EXERCISE MATERIALS START

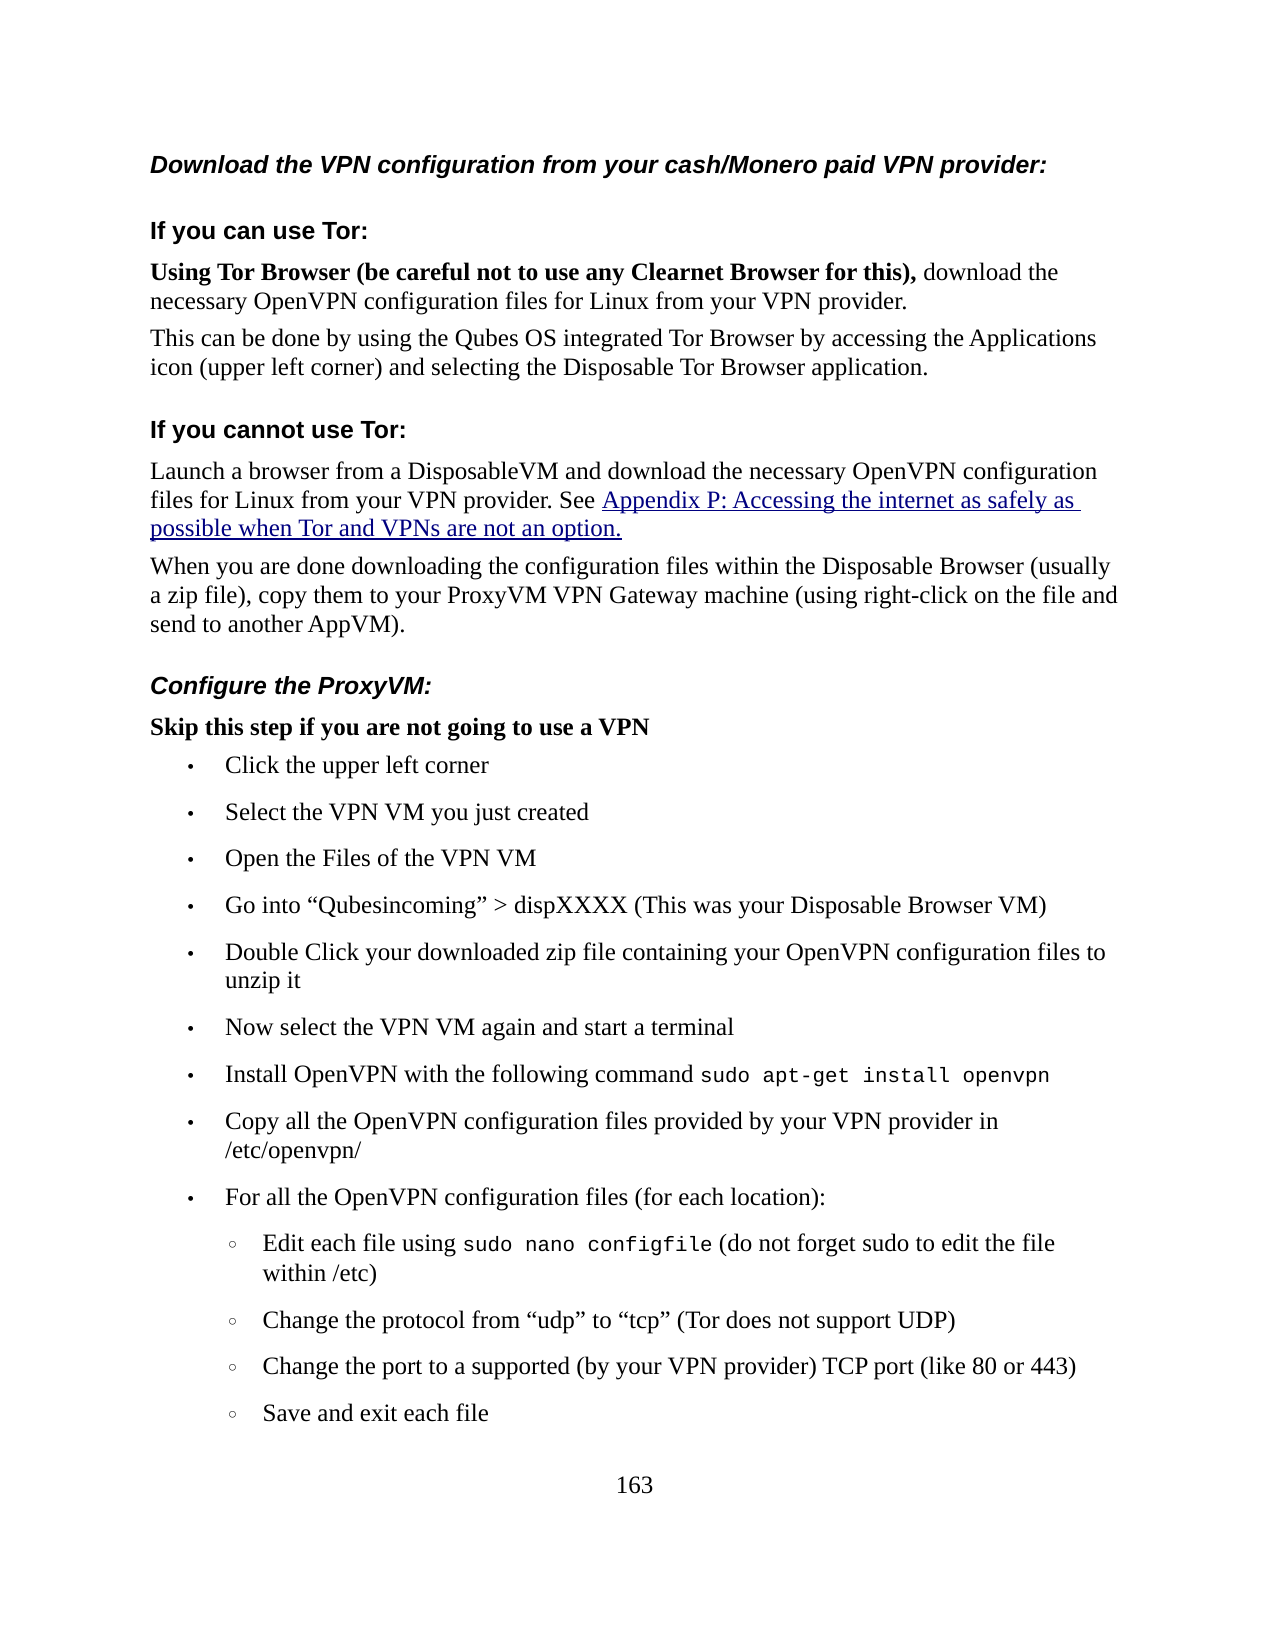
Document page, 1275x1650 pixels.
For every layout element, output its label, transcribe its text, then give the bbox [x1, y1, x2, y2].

subtitle Download the VPN configuration from your cash/Monero paid VPN provider: [150, 150, 1125, 178]
list Save and exit each file [225, 1398, 1125, 1427]
list Click the upper left corner [187, 750, 1125, 779]
list Copy all the OpenVPN configuration files provided by your VPN provider in /etc/openvpn/ [187, 1106, 1125, 1164]
list For all the OpenVPN configuration files (for each location): [187, 1182, 1125, 1211]
list Double Click your downloaded zip file containing your OpenVPN configuration files to unzip it [187, 937, 1125, 994]
subtitle If you can use Tor: [150, 216, 1125, 244]
text This can be done by using the Qubes OS integrated Tor Browser by accessing the Applications icon (upper left corner) and selecting the Disposable Tor Browser application. [150, 323, 1125, 381]
list Install OpenVPN with the following command sudo apt-get install openvpn [187, 1059, 1125, 1088]
text Launch a browser from a DisposableVM and download the necessary OpenVPN configuration files for Linux from your VPN provider. See Appendix P: Accessing the internet as safely as possible when Tor and VPNs are not an option. [150, 456, 1125, 542]
list Now select the VPN VM again and start a terminal [187, 1012, 1125, 1041]
subtitle Configure the ProxyVM: [150, 671, 1125, 700]
list Change the protocol from “udp” to “tcp” (Tor does not support UDP) [225, 1305, 1125, 1333]
list Go into “Qubesincoming” > dispXXXX (This was your Disposable Browser VM) [187, 890, 1125, 919]
list Edit each file using sudo nano configfile (do not forget sudo to edit the file within /etc) [225, 1228, 1125, 1287]
list Select the VPN VM you just created [187, 797, 1125, 826]
text Using Tor Browser (be careful not to use any Clearnet Browser for this), download the necessary OpenVPN configuration files for Linux from your VPN provider. [150, 257, 1125, 314]
list Change the port to a supported (by your VPN provider) TCP port (like 80 or 443) [225, 1351, 1125, 1380]
text Skip this step if you are not going to use a VPN [150, 712, 1125, 741]
text When you are done downloading the configuration files within the Disposable Browser (usually a zip file), copy them to your ProxyVM VPN Gateway machine (using right-click on the file and send to another AppVM). [150, 551, 1125, 637]
subtitle If you cannot use Tor: [150, 415, 1125, 443]
list Open the Files of the VPN VM [187, 843, 1125, 872]
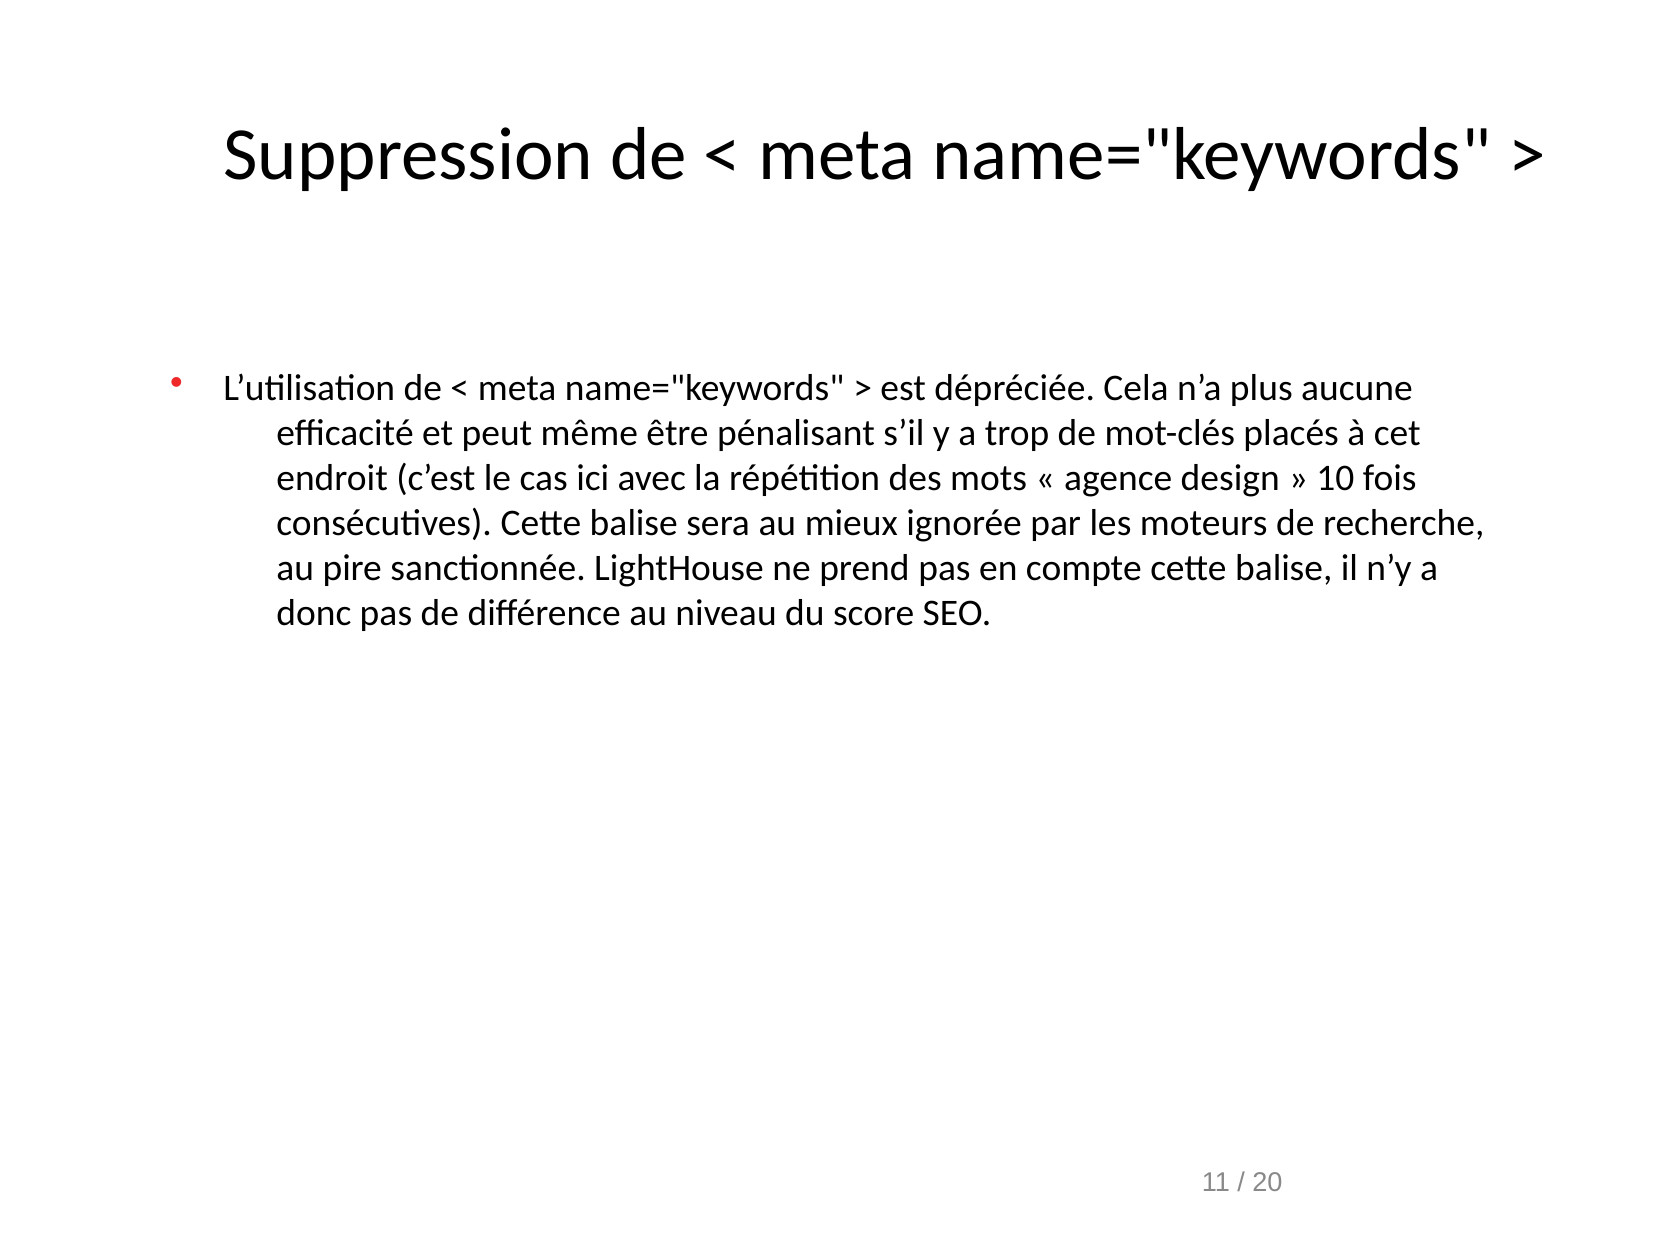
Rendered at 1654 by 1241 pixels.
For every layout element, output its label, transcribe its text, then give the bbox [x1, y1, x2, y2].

list L’utilisation de < meta name="keywords" > est dépréciée. Cela n’a plus aucune efficacité et peut même être pénalisant s’il y a trop de mot-clés placés à cet endroit (c’est le cas ici avec la répétition des mots « agence design » 10 fois consécutives). Cette balise sera au mieux ignorée par les moteurs de recherche, au pire sanctionnée. LightHouse ne prend pas en compte cette balise, il n’y a donc pas de différence au niveau du score SEO. [118, 354, 1536, 1074]
title Suppression de < meta name="keywords" > [118, 27, 1571, 278]
text_box <numéro> / 20 [1185, 1149, 1572, 1216]

EXERCISE MATERIALS END

The answer consists of the lines above that include the word "corner", each copied exactly.

list Click the upper left corner [187, 750, 1125, 779]
text This can be done by using the Qubes OS integrated Tor Browser by accessing the Applications icon (upper left corner) and selecting the Disposable Tor Browser application. [150, 323, 1125, 381]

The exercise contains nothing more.